Culture - Après une nouvelle dégradation d'oeuvre d'art, Aurélie Filippeti veut sensibiliser préfets et élus
Il y a quelques jours, une œuvre d'art réalisée en 1972 dans le cadre du "1% culturel" finissait par mégarde à la déchetterie - avant d'être récupérée in extremis - à l'occasion de travaux entrepris par le conseil général de Vendée devant un collège de La Roche-sur-Yon (voir notre article ci-contre du 21 juillet 2014). Cette maladresse a conduit le département à lancer un inventaire de l'ensemble des œuvres d'art installées dans les collèges de son territoire.
Maladresse ou intention cachée ?
Une nouvelle affaire vient de survenir à Hayange (Moselle, 15.700 habitants). En entreprenant de repeindre les fontaines de la ville, les services municipaux ont en effet également repeint partiellement - en bleu clair - une statue-fontaine en granit installée sur la place de l'église d'Hayange. Or cette statue est l'œuvre d'Alain Mila, un artiste originaire de Thionville.
Comme dans le cas de La Roche-sur-Yon, l'affaire d'Hayange relève manifestement davantage de la maladresse et/ou de la méconnaissance des règles régissant le droit d'auteur, que d'une quelconque intention cachée. "Nous avons voulu redonner des couleurs, égayer un peu le centre-ville, les barrières aussi ont été repeintes...", explique ainsi Fabien Engelmann, le maire d'Hayange.
Mais l'affaire présente toutefois deux différences : d'une part l'œuvre en question appartient au domaine public de l'Etat (alors que celle de La Roche-sur-Yon appartenait au département) ; d'autre part, le maire d'Hayange est l'un des nouveaux élus du Front national, qui a remporté la ville en mars dernier. Aurélie Filippetti a donc publié, le 25 juillet, un communiqué pour dénoncer "une violation manifeste du droit moral et des règles élémentaires du Code de la propriété intellectuelle et de la protection du patrimoine". Pour la ministre de la Culture, "cet incident est révélateur de la conception de la politique culturelle qu'ont les élus du Front national et qui appelle à la plus grande vigilance".

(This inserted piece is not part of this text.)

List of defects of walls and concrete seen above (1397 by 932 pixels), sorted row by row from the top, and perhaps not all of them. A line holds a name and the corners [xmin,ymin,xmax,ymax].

Une circulaire aux préfets pour rappeler les règles
Au-delà de cette polémique, la ministre "rappelle que les œuvres d'art appartenant au domaine public de l'Etat ou des collectivités publiques sont inaliénables, imprescriptibles et insaisissables. En conséquence, les œuvres ne peuvent être ni modifiées, ni même déplacées, ni a fortiori détruites sans l'autorisation de l'artiste ou de ses ayants droit. Elles ne peuvent en aucun cas être vendues". Aurélie Filippetti annonce avoir demandé à ses services de préparer une circulaire aux préfets, attirant leur attention sur ces "points de droit" et leur demandant "de rappeler, au besoin, aux collectivités propriétaires leurs devoirs de surveillance et de conservation des œuvres placées sous leur garde".

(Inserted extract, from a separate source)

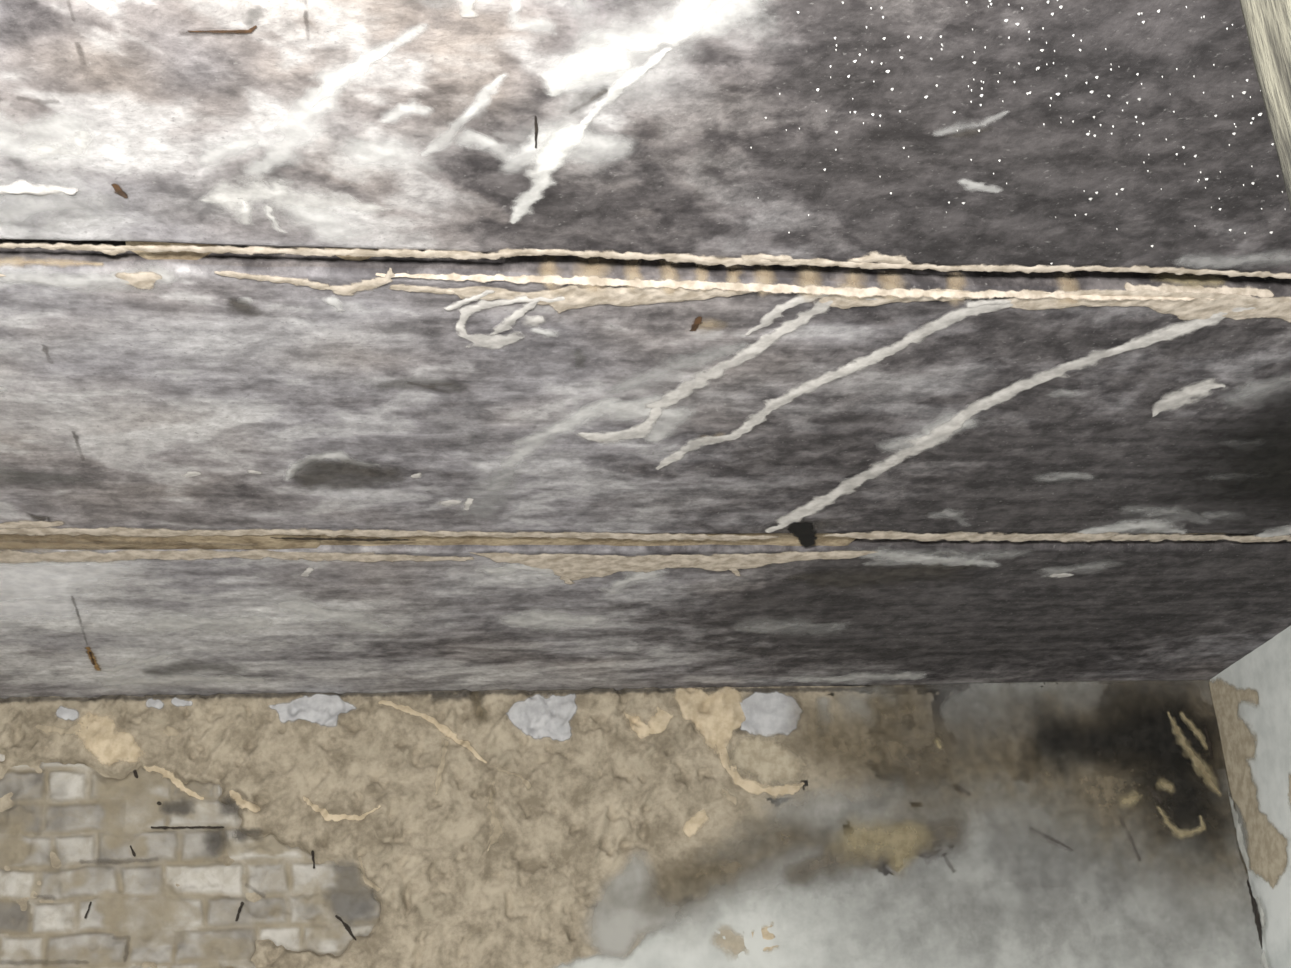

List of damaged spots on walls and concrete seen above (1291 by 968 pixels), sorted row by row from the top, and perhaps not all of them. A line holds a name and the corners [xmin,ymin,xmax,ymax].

Cette position est depuis longtemps confirmée par la jurisprudence. Il y a quelques années, la ville de Bordeaux a ainsi été condamnée par le tribunal administratif (jugement définitif) pour avoir détruit une œuvre installée en bordure de la Garonne (voir notre article ci-contre du 13 juillet 2007). Ce jugement faisait suite à un autre, beaucoup plus célèbre : la condamnation, en 1981, de Renault pour avoir détruit le "Salon d'été" installé par Jean Dubuffet dans les jardins du siège social de l'entreprise à Boulogne.
Ces condamnations se fondent sur l'article L.111-1 du Code de la propriété intellectuelle, qui ne laisse aucun doute sur le statut de l'œuvre d'art. Celui-ci dispose en effet que "l'auteur d'une oeuvre de l'esprit jouit sur cette oeuvre, du seul fait de sa création, d'un droit de propriété incorporelle exclusif et opposable à tous. Ce droit comporte des attributs d'ordre intellectuel et moral ainsi que des attributs d'ordre patrimonial [...]".